### [Work required]
Reproduce nothing but the lines from the start of the material through the line that includes "For every layout", both ends included, and omit every picture.
= = = = = = =
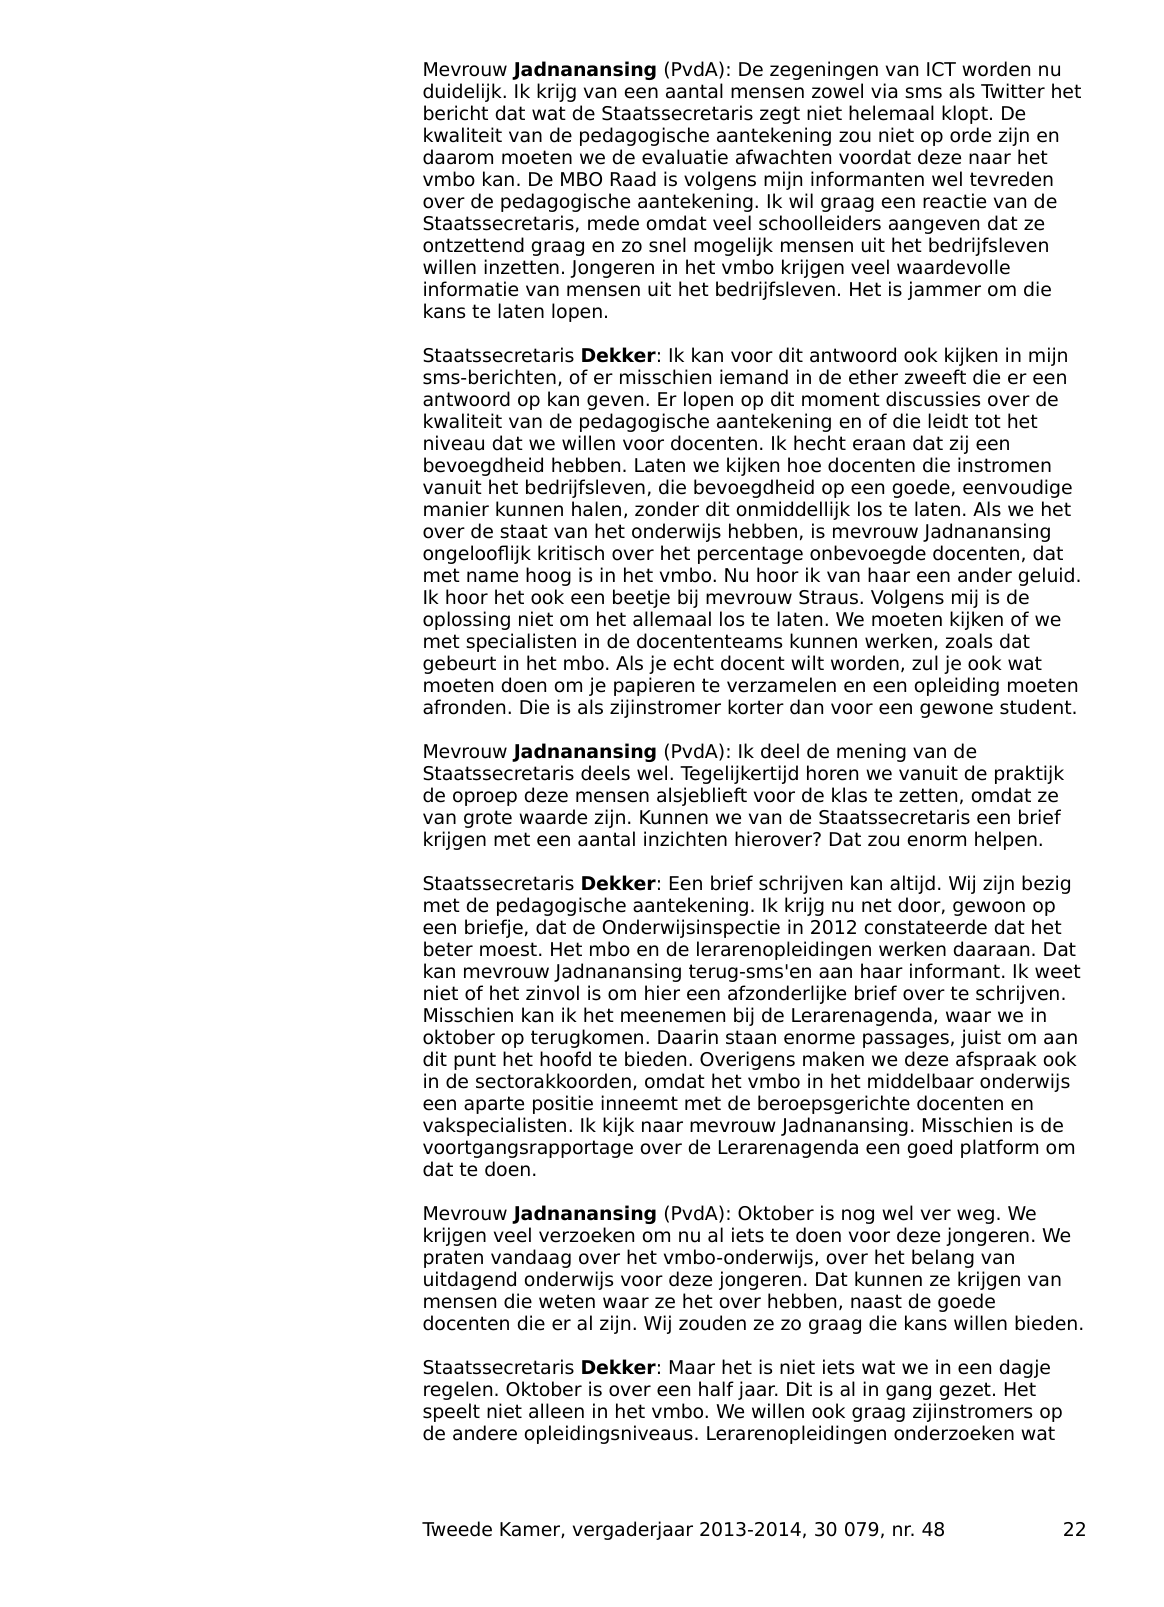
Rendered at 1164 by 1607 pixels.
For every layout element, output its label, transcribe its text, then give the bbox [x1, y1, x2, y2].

text Staatssecretaris Dekker: Ik kan voor dit antwoord ook kijken in mijn sms-berichten, of er misschien iemand in de ether zweeft die er een antwoord op kan geven. Er lopen op dit moment discussies over de kwaliteit van de pedagogische aantekening en of die leidt tot het niveau dat we willen voor docenten. Ik hecht eraan dat zij een bevoegdheid hebben. Laten we kijken hoe docenten die instromen vanuit het bedrijfsleven, die bevoegdheid op een goede, eenvoudige manier kunnen halen, zonder dit onmiddellijk los te laten. Als we het over de staat van het onderwijs hebben, is mevrouw Jadnanansing ongelooflijk kritisch over het percentage onbevoegde docenten, dat met name hoog is in het vmbo. Nu hoor ik van haar een ander geluid. Ik hoor het ook een beetje bij mevrouw Straus. Volgens mij is de oplossing niet om het allemaal los te laten. We moeten kijken of we met specialisten in de docententeams kunnen werken, zoals dat gebeurt in het mbo. Als je echt docent wilt worden, zul je ook wat moeten doen om je papieren te verzamelen en een opleiding moeten afronden. Die is als zijinstromer korter dan voor een gewone student. [422, 345, 1087, 719]
text Mevrouw Jadnanansing (PvdA): Oktober is nog wel ver weg. We krijgen veel verzoeken om nu al iets te doen voor deze jongeren. We praten vandaag over het vmbo-onderwijs, over het belang van uitdagend onderwijs voor deze jongeren. Dat kunnen ze krijgen van mensen die weten waar ze het over hebben, naast de goede docenten die er al zijn. Wij zouden ze zo graag die kans willen bieden. [422, 1203, 1087, 1335]
text Staatssecretaris Dekker: Een brief schrijven kan altijd. Wij zijn bezig met de pedagogische aantekening. Ik krijg nu net door, gewoon op een briefje, dat de Onderwijsinspectie in 2012 constateerde dat het beter moest. Het mbo en de lerarenopleidingen werken daaraan. Dat kan mevrouw Jadnanansing terug-sms'en aan haar informant. Ik weet niet of het zinvol is om hier een afzonderlijke brief over te schrijven. Misschien kan ik het meenemen bij de Lerarenagenda, waar we in oktober op terugkomen. Daarin staan enorme passages, juist om aan dit punt het hoofd te bieden. Overigens maken we deze afspraak ook in de sectorakkoorden, omdat het vmbo in het middelbaar onderwijs een aparte positie inneemt met de beroepsgerichte docenten en vakspecialisten. Ik kijk naar mevrouw Jadnanansing. Misschien is de voortgangsrapportage over de Lerarenagenda een goed platform om dat te doen. [422, 873, 1087, 1181]
text Mevrouw Jadnanansing (PvdA): Ik deel de mening van de Staatssecretaris deels wel. Tegelijkertijd horen we vanuit de praktijk de oproep deze mensen alsjeblieft voor de klas te zetten, omdat ze van grote waarde zijn. Kunnen we van de Staatssecretaris een brief krijgen met een aantal inzichten hierover? Dat zou enorm helpen. [422, 741, 1087, 851]
text Staatssecretaris Dekker: Maar het is niet iets wat we in een dagje regelen. Oktober is over een half jaar. Dit is al in gang gezet. Het speelt niet alleen in het vmbo. We willen ook graag zijinstromers op de andere opleidingsniveaus. Lerarenopleidingen onderzoeken wat [422, 1357, 1087, 1445]
text Mevrouw Jadnanansing (PvdA): De zegeningen van ICT worden nu duidelijk. Ik krijg van een aantal mensen zowel via sms als Twitter het bericht dat wat de Staatssecretaris zegt niet helemaal klopt. De kwaliteit van de pedagogische aantekening zou niet op orde zijn en daarom moeten we de evaluatie afwachten voordat deze naar het vmbo kan. De MBO Raad is volgens mijn informanten wel tevreden over de pedagogische aantekening. Ik wil graag een reactie van de Staatssecretaris, mede omdat veel schoolleiders aangeven dat ze ontzettend graag en zo snel mogelijk mensen uit het bedrijfsleven willen inzetten. Jongeren in het vmbo krijgen veel waardevolle informatie van mensen uit het bedrijfsleven. Het is jammer om die kans te laten lopen. [422, 59, 1087, 323]
= = = = = = =
### [Answer below]
Rendered at 1164 by 1607 pixels.
For every layout element, output its label, transcribe its text, then give the bbox [x1, y1, x2, y2].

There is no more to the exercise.